What is a bladder tumor

The role played by the bladder in the human body is to accumulate liquid waste products (urine) and then remove them from the body with the help of the contractile function of the muscles, which are its main structural part.

Bladder tumor is the most common oncological disease of the urinary tract and accounts for more than 60% of all cases of neoplasms of the urinary system and more than 2% of oncological pathologies of the whole body.

What is a bladder tumor

A neoplasm in the tissues of the bladder can be represented by many types and have different activity in terms of the formation of metastases. The victims of the disease are mostly people over 55 years of age, often living in environmentally unfavorable areas or working in hazardous industries. Partly, negative changes in the environmental situation, social factors and smoking are to blame for the increase in the frequency of diagnosing a tumor.

A tumor of the bladder in men occurs 6 times more often than in women, which is associated with some anatomical and physiological features of the male body:

  • genetic predisposition, increasing after 50 years;
  • hormonal disorders that stimulate tumor development;
  • development of prostate adenoma.

The two most common types of tumors are:

  • benign tumor of the bladder (highly differentiated), located on the surface of the mucosa;
  • a malignant tumor (poorly differentiated) that affects muscle tissue.

In the first case, the growth of the tumor occurs in the direction of the cavity of the bladder, forming a connection in the form of a leg with the mucous surface.

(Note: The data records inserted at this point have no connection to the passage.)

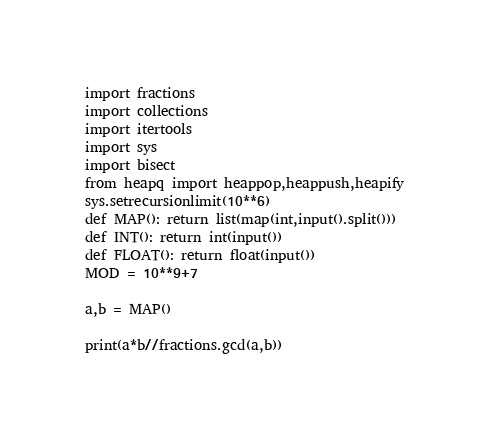<code> <loc_0><loc_0><loc_500><loc_500><_Python_>import fractions
import collections
import itertools
import sys
import bisect
from heapq import heappop,heappush,heapify
sys.setrecursionlimit(10**6)
def MAP(): return list(map(int,input().split()))
def INT(): return int(input())
def FLOAT(): return float(input())
MOD = 10**9+7

a,b = MAP()

print(a*b//fractions.gcd(a,b))</code> 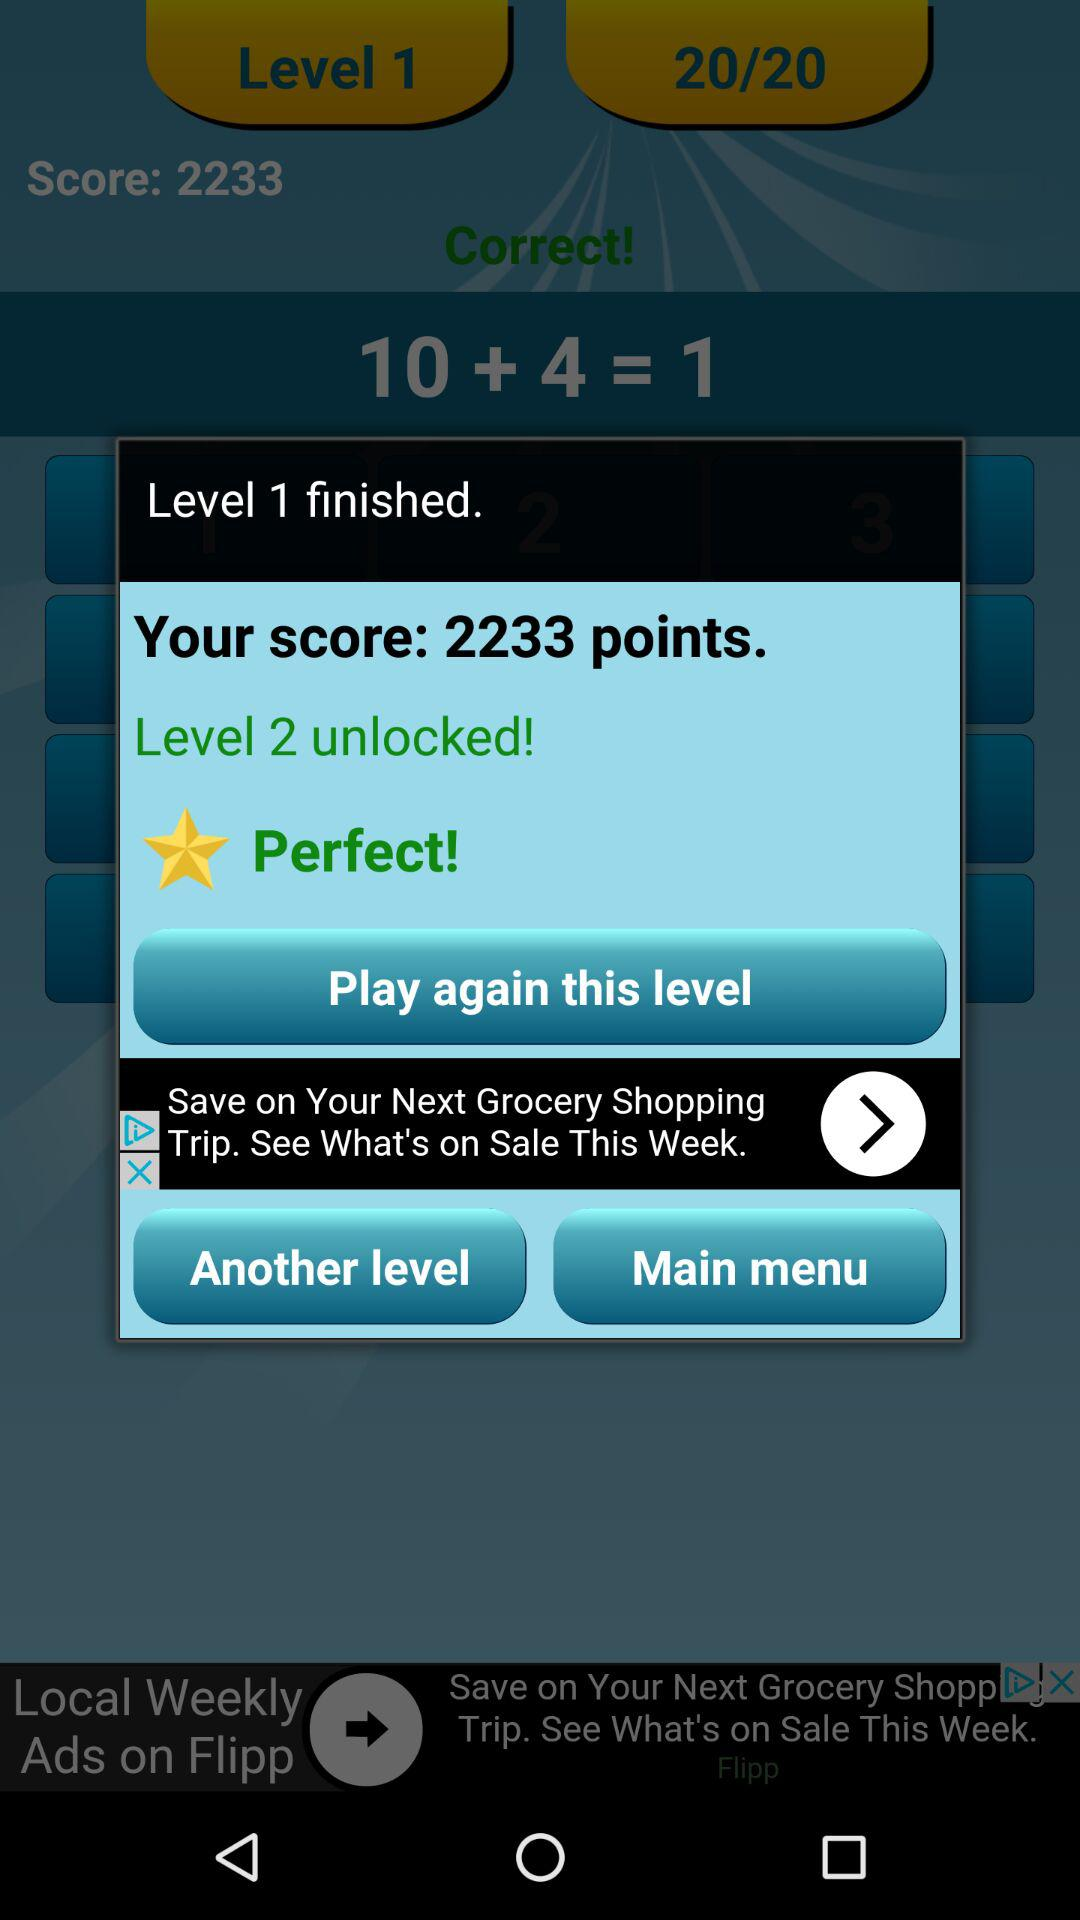How many levels have I unlocked?
Answer the question using a single word or phrase. 2 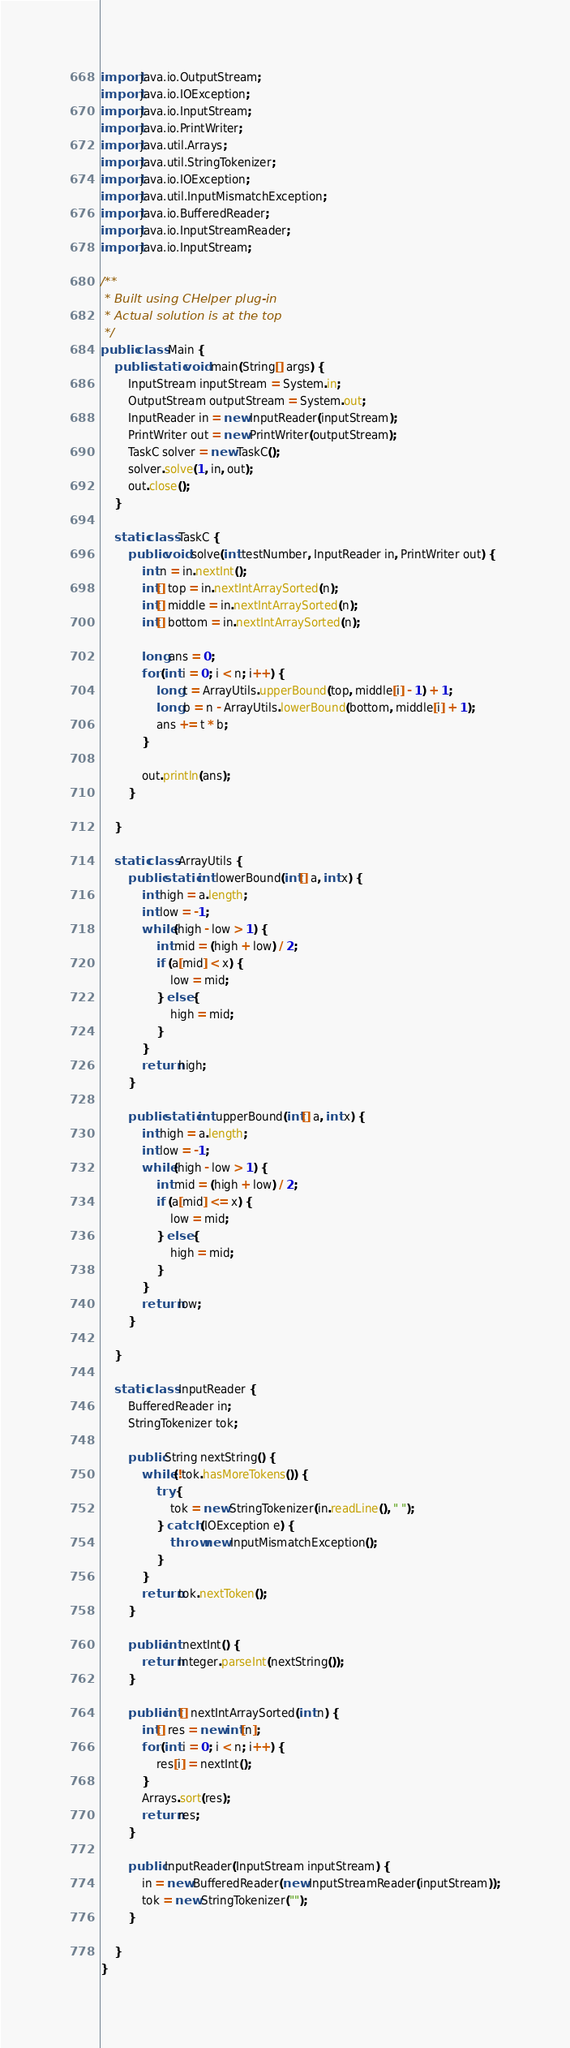Convert code to text. <code><loc_0><loc_0><loc_500><loc_500><_Java_>import java.io.OutputStream;
import java.io.IOException;
import java.io.InputStream;
import java.io.PrintWriter;
import java.util.Arrays;
import java.util.StringTokenizer;
import java.io.IOException;
import java.util.InputMismatchException;
import java.io.BufferedReader;
import java.io.InputStreamReader;
import java.io.InputStream;

/**
 * Built using CHelper plug-in
 * Actual solution is at the top
 */
public class Main {
    public static void main(String[] args) {
        InputStream inputStream = System.in;
        OutputStream outputStream = System.out;
        InputReader in = new InputReader(inputStream);
        PrintWriter out = new PrintWriter(outputStream);
        TaskC solver = new TaskC();
        solver.solve(1, in, out);
        out.close();
    }

    static class TaskC {
        public void solve(int testNumber, InputReader in, PrintWriter out) {
            int n = in.nextInt();
            int[] top = in.nextIntArraySorted(n);
            int[] middle = in.nextIntArraySorted(n);
            int[] bottom = in.nextIntArraySorted(n);

            long ans = 0;
            for (int i = 0; i < n; i++) {
                long t = ArrayUtils.upperBound(top, middle[i] - 1) + 1;
                long b = n - ArrayUtils.lowerBound(bottom, middle[i] + 1);
                ans += t * b;
            }

            out.println(ans);
        }

    }

    static class ArrayUtils {
        public static int lowerBound(int[] a, int x) {
            int high = a.length;
            int low = -1;
            while (high - low > 1) {
                int mid = (high + low) / 2;
                if (a[mid] < x) {
                    low = mid;
                } else {
                    high = mid;
                }
            }
            return high;
        }

        public static int upperBound(int[] a, int x) {
            int high = a.length;
            int low = -1;
            while (high - low > 1) {
                int mid = (high + low) / 2;
                if (a[mid] <= x) {
                    low = mid;
                } else {
                    high = mid;
                }
            }
            return low;
        }

    }

    static class InputReader {
        BufferedReader in;
        StringTokenizer tok;

        public String nextString() {
            while (!tok.hasMoreTokens()) {
                try {
                    tok = new StringTokenizer(in.readLine(), " ");
                } catch (IOException e) {
                    throw new InputMismatchException();
                }
            }
            return tok.nextToken();
        }

        public int nextInt() {
            return Integer.parseInt(nextString());
        }

        public int[] nextIntArraySorted(int n) {
            int[] res = new int[n];
            for (int i = 0; i < n; i++) {
                res[i] = nextInt();
            }
            Arrays.sort(res);
            return res;
        }

        public InputReader(InputStream inputStream) {
            in = new BufferedReader(new InputStreamReader(inputStream));
            tok = new StringTokenizer("");
        }

    }
}

</code> 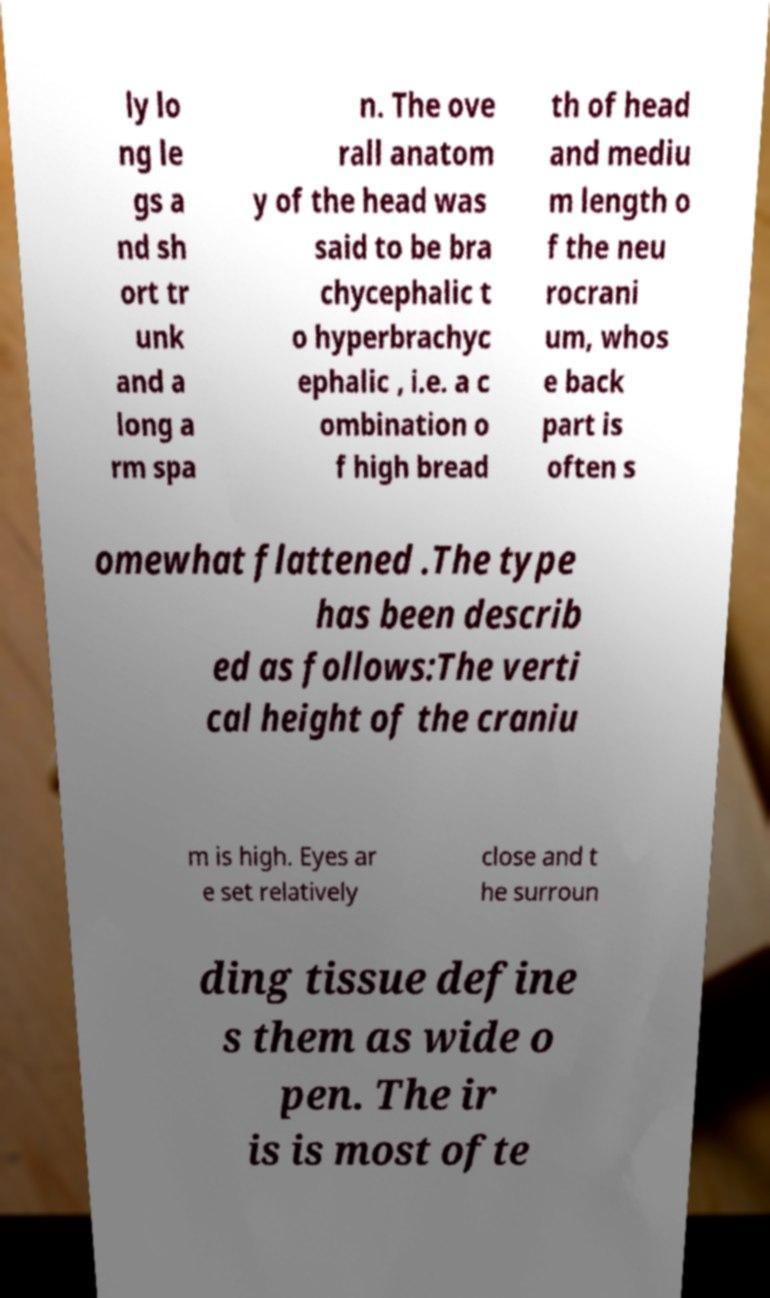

As a rule, a tumor that has this growth pattern is called exophytic or papillary.

The second type is characterized by intensive ingrowth into the tissue structure with the rapid formation of metastases. This type of tumor is called endophytic or invasive.


Smoking has been found to be one of the leading risk factors for bladder cancer.

The reasons

Carcinogenic substances, entering the body, go through all stages of metabolism and are partially excreted by the kidneys. It is they who are the root cause of the development of neoplasms, since they are in direct contact with the mucous membrane of the bladder. Exposure to carcinogens can disrupt the work of the genetic apparatus of cells, thereby interfering with the reproduction of cells characteristic of this organ and provoking the growth of cancer cells.


Carcinogenic substances, in various forms, affect a person throughout his life.

The main external causes that provoke the development of bladder cancer:

  • daily contact with volatile chemicals generated during the production of plastic, rubber and other products or paint and varnish industries;
  • smoking;
  • exposure to ionizing radiation;
  • viral diseases (mainly human papillomavirus disease, which has highly oncogenic properties);
  • systematic untimely or incomplete emptying of the bladder in prostate adenoma;
  • chronic inflammatory diseases of the bladder.

An increase in the size of the prostate gland with the prostate provokes the development of stagnant processes in the bladder and disrupts the elasticity of the muscle layer. The impossibility of complete emptying causes deformation of the walls of the bladder, they stretch, creating a "reservoir", where urine accumulates and the negative effect on the mucous membrane increases.

Chronic inflammatory diseases are also risk factors, since the process of tissue regeneration occurring during inflammatory processes, under the influence of carcinogens or due to genetic disorders, can acquire the character of metaplasia, that is, there will be a replacement of damaged cells with modified cells or cells that do not belong to this organ. Often this process is characterized as leukoplakia of the walls of the bladder and refers to precancerous conditions.

Important: The increase in the incidence of bladder tumors in age groups over 60 is due to an increase in the duration of exposure to negative factors, as well as hormonal changes in the body and a decrease in the activity of the immune system.

WHO classification

Almost all pathological neoplasms of the bladder are the result of the development of transitional cell carcinoma. However, there is a possibility of development of other forms:

  • squamous cell carcinoma;
  • glandular cancer (adenocarcinoma);
  • undifferentiated tumor;
  • lymphoma.

The classification approved by the World Health Organization (WHO) is based on the results of histological studies of bladder cancer and includes:

Neoplasms of the epithelium:

  • some types of papillomas (transitional cell and squamous);
  • transitional cell carcinoma;
  • combination of transitional cell carcinoma with tissue metaplasia;
  • glandular cancer;
  • undifferentiated cancer;
  • squamous cell carcinoma.

Non-epithelial neoplasms:

  • highly differentiated neoplasms (benign tumor of the bladder);
  • poorly differentiated neoplasms (rhabdomyosarcoma).

Neoplasms with metastatic spread:

  • glandular metaplasia;
  • polypoid cystitis;
  • squamous metaplasia.


Bladder papilloma refers to benign neoplasms, but under certain conditions it can turn into a malignant form.

Extensive tumor spreads:

  • multiple cystic formations;
  • follicular cystitis;
  • small coplakia (extensive neoplasms in the form of multiple plaques).

Important: Neoplasms of a non-epithelial nature, especially malignant ones, are quite rare and mainly in young people. They are distinguished by rapid growth and extensive spread of metastases.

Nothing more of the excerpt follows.